Haywood v. Fri et al, No. 1:2018cv00361 - Document 4 (S.D. Ohio 2018)

Court Description: ORDER AND REPORT AND RECOMMENDATIONS - IT IS THEREFORE RECOMMENDED THAT: The complaint be DISMISSED with prejudice pursuant to 28 U.S.C. §§ 1915(e)(2)(B) and 1915A(b)(1), with the exception of plaintiffs Eighth Amendment claims against de fendants Dunlap, Fri, Reiner, Kaut, Esham, and Cool.

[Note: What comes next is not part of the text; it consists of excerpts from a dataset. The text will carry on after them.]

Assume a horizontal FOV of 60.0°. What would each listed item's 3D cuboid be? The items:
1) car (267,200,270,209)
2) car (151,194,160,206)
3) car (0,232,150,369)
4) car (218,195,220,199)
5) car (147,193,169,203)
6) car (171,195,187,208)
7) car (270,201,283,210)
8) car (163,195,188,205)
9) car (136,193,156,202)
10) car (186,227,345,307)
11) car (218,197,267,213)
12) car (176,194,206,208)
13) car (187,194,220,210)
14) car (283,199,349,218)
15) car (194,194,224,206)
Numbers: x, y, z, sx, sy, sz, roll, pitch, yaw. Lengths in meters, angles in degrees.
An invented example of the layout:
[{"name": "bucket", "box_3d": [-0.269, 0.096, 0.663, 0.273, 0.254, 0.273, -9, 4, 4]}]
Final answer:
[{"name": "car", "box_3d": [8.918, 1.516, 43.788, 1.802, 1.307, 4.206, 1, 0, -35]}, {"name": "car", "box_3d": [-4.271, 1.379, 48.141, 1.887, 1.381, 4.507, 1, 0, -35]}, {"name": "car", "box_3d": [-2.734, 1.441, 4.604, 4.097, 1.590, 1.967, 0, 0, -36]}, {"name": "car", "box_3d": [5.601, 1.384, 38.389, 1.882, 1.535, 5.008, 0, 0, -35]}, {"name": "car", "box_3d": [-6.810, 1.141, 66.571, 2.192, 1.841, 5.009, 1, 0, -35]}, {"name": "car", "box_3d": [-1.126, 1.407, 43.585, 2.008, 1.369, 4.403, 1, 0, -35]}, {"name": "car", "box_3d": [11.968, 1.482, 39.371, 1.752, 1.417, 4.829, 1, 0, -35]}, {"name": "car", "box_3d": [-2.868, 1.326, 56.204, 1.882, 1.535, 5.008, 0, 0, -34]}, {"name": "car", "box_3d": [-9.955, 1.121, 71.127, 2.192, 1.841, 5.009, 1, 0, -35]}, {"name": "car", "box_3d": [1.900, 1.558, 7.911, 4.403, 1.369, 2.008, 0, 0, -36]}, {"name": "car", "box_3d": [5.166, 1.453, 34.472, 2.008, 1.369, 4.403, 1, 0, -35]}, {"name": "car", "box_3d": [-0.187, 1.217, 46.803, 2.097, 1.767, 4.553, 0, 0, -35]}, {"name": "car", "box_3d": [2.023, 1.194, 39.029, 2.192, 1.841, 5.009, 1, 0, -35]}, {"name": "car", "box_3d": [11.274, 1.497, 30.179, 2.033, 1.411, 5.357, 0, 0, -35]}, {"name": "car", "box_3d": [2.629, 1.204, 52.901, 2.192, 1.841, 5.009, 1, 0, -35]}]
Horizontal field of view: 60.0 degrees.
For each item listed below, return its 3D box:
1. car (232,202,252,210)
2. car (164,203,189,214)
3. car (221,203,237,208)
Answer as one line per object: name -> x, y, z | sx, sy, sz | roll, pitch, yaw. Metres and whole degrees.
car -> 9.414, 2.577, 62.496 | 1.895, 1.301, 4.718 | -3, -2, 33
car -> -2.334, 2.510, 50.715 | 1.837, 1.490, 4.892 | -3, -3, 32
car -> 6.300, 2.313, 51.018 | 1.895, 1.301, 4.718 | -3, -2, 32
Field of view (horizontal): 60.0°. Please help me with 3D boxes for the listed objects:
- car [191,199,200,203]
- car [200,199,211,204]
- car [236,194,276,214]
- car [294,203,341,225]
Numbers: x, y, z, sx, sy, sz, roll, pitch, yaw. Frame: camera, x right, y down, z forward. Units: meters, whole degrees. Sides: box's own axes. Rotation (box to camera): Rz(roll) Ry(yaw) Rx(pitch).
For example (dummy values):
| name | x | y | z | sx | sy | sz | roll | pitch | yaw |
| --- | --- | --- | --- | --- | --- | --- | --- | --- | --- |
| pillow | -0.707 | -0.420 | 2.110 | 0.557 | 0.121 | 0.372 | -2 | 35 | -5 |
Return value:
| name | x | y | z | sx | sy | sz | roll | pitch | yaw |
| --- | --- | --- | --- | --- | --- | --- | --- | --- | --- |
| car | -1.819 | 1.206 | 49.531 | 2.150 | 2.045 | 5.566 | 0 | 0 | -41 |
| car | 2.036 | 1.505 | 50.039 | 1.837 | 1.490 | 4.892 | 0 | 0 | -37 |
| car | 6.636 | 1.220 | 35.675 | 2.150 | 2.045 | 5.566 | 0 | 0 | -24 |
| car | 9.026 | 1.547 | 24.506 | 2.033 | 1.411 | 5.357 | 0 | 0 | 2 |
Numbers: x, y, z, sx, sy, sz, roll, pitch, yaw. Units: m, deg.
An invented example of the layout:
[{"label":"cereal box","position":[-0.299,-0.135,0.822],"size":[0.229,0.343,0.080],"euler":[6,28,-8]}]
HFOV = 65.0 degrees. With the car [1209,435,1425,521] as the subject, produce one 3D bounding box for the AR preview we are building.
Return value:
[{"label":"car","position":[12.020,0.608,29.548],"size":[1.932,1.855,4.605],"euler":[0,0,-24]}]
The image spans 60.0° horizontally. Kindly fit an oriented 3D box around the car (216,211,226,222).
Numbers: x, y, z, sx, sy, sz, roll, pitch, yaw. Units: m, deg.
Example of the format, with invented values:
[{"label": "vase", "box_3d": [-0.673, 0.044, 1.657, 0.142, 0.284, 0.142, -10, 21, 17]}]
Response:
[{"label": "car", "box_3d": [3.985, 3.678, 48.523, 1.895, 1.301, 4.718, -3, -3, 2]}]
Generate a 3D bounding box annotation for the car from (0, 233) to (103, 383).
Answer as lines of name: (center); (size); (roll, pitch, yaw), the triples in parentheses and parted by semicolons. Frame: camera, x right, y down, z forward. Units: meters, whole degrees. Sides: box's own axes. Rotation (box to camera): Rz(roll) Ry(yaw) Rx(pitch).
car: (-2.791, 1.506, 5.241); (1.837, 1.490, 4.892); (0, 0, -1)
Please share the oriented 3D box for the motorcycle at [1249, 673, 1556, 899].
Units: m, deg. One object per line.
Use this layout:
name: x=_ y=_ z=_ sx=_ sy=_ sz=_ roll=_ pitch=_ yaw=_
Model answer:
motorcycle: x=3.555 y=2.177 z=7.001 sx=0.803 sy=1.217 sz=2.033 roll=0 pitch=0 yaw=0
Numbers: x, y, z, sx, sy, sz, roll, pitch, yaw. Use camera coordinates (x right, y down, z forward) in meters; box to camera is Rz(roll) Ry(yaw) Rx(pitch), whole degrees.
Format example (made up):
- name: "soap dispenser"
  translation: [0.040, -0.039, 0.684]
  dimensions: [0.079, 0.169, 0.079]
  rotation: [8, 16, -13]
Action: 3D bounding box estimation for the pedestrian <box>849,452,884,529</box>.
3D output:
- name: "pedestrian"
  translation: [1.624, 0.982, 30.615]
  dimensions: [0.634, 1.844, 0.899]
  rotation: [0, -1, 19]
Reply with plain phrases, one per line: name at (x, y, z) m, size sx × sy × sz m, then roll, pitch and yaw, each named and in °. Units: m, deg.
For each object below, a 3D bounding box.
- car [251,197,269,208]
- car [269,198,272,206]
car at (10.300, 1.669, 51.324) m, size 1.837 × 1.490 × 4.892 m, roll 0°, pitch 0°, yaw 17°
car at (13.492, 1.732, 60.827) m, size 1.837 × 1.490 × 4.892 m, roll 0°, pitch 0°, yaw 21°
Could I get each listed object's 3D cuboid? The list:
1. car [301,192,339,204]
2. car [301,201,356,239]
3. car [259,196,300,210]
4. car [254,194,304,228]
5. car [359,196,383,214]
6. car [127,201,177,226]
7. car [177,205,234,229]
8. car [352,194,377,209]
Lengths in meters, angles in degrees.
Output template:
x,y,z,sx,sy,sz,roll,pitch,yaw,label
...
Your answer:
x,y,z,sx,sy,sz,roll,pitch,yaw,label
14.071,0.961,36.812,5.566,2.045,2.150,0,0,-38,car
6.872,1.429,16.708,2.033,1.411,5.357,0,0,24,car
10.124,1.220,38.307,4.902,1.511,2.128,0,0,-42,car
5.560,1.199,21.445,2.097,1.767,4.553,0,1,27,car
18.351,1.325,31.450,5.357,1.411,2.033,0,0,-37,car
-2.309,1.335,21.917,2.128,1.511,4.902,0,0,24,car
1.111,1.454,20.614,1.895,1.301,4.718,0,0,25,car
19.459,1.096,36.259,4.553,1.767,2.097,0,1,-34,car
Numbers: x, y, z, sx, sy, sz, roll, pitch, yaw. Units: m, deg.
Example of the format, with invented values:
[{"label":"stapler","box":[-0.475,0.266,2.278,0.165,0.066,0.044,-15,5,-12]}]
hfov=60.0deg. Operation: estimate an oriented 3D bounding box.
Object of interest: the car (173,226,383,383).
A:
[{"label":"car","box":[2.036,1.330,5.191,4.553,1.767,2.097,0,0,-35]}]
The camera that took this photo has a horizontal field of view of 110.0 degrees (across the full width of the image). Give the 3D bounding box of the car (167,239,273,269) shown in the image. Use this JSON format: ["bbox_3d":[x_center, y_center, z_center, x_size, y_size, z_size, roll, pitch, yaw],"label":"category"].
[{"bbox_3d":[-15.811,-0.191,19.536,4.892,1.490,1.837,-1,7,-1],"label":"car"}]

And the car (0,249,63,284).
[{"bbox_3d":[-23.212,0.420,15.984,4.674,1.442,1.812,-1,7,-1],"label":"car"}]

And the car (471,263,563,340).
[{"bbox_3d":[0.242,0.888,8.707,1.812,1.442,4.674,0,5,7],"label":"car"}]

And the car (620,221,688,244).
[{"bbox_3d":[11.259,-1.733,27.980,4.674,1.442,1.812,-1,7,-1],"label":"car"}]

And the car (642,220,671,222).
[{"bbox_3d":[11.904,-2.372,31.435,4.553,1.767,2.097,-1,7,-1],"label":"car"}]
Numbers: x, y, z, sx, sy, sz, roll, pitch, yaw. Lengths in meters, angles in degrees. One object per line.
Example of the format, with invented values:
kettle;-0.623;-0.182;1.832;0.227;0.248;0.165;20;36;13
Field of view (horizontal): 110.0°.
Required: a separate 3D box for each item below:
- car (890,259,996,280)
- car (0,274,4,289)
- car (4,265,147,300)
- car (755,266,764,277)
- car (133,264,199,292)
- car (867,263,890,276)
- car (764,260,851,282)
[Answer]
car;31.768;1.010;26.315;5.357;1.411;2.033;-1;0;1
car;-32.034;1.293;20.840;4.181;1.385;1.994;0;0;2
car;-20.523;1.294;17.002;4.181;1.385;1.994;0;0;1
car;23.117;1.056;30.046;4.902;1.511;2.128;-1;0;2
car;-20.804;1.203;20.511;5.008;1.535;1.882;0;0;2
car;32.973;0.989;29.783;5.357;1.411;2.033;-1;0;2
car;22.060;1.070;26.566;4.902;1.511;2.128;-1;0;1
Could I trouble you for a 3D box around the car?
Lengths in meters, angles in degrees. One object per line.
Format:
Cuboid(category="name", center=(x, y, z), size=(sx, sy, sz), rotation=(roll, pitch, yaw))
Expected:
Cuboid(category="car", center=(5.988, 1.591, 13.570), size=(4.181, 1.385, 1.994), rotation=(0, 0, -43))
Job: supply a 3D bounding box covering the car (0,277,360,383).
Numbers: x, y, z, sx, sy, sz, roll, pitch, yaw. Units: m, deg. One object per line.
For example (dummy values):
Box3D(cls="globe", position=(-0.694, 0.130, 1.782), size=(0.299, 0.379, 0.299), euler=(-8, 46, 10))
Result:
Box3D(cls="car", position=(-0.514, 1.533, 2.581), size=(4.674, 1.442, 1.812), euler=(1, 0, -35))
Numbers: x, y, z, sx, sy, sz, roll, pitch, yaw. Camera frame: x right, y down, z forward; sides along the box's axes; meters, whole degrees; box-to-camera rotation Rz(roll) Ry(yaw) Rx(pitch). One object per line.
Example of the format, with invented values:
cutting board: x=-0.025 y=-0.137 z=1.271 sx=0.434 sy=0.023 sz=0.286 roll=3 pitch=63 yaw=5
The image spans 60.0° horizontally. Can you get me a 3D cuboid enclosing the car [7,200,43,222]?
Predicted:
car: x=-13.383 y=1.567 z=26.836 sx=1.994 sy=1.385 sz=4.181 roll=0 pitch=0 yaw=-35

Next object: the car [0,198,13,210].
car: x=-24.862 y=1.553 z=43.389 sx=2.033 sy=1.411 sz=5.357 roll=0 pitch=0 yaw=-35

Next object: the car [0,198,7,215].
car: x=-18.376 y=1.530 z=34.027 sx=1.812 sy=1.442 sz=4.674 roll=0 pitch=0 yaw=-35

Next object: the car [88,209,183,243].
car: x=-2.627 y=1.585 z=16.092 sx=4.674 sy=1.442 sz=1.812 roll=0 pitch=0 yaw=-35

IT IS THEREFORE ORDERED THAT: 1. The United States Marshal shall serve a copy of the complaint, summons, the Order granting plaintiff in forma pauperis status, and this Order and Report and Recomme ndation upon defendants Dunlap, Fri, Reiner, Kaut, Esham, and Cool as directed by plaintiff, with costs of service to be advanced by the United States. 2. Plaintiff shall serve upon defendants or, if appearance has been entered by counsel, upon defe ndants attorney, a copy of every further pleading or other document submitted for consideration by the Court. 3. Plaintiff shall inform the Court promptly of any changes in his address which may occur during the pendency of this lawsuit ( Objections to R&R due by 7/5/2018). Signed by Magistrate Judge Stephanie K. Bowman on 06/20/2018. (bjc)(This document has been sent by regular mail to the party(ies) listed in the NEF that did not receive electronic notification.)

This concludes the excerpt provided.